I force my face not to fall, force my hands not to tremble. My heart, though—that’s the one I can’t control. When I was younger, I never understood it when someone’s “heart sank” in a book. It’s not physically possible, I told anyone who’d listen. Now I know more than ever before exactly what it feels like for a heart to sink. Except it’s not just my heart; it’s my entire body that wants to crumble.

He’s so embarrassed about what happened on the bench that he won’t even look at me, instead immersed in what must be a fascinating dip in the sidewalk.

“Rowan?” he says, as though he wants to make sure I heard him break me.

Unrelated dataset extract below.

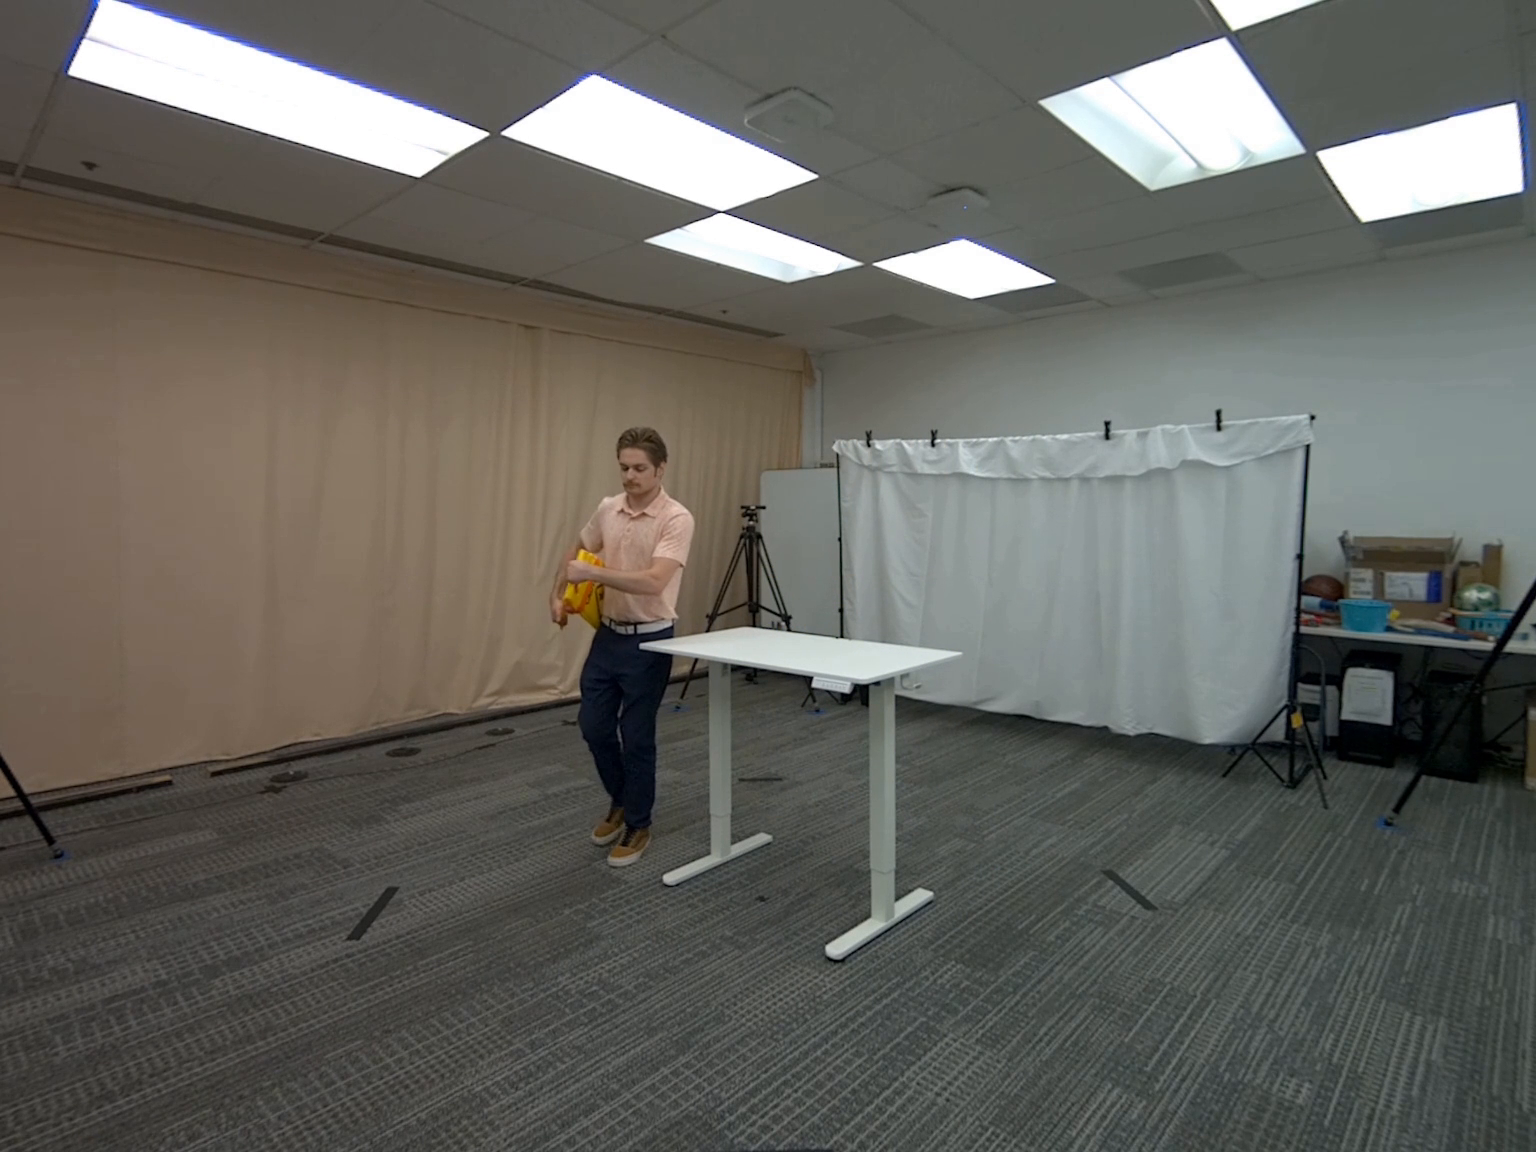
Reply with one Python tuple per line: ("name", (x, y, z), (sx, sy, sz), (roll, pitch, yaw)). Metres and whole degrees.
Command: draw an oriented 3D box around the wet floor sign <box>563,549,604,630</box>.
("wet floor sign", (-0.750, 0.076, 3.432), (0.291, 0.283, 0.640), (15, -15, 2))

“Right. Right,” I say with more conviction than I feel. It’s too cold outside, and I hug my arms tight around myself. It doesn’t stop that sinking feeling. It doesn’t stop the pressure building behind my eyes or the way my voice sounds strained and high-pitched. “A huge mistake. Got it.”

“Glad we’re on the same page,” he says, but his words are clipped, and he sounds anything but glad.

“Good thing we came to our senses. I mean, you and me? In what universe would that have made sense?” If I force myself to say it out loud, maybe I’ll believe it. It has to make this hurt less. “The rest of the senior class would have had a field day with it.”

I think about all the moments I was too cruel, the times I pushed him away. If I’d done the opposite, would we be having this conversation? Or would it only be more painful?

“Can we—can we just drop it?” he asks. Stammering. “Please?”

“Sure. Fine.” I kneel down to open my backpack, searching for my keys. I can’t look at him right now. I don’t want him to see that I’m on the verge of crying. He doesn’t need more ammunition.

God, what is wrong with me? Neil McNair wouldn’t have been my perfect boyfriend. Under no circumstances is he the person I should have been with.

My fingers close around cool metal, and I make a tight fist around the keys to anchor myself. Maybe he deserves to win the game after all. He tricked me into thinking I had feelings for him, then somehow turned them real. He’s the true champion of Westview, ensuring this final competition would end with me utterly sunk.

“We only have two more clues,” he says, softly this time. He turns to face me. Fuck. I hope he doesn’t think he needs to treat me delicately now. I’m not sure what would be worse, the teasing when I confessed my ninth-grade crush, or this. “Let’s finish them up, and then we can figure this whole thing out.”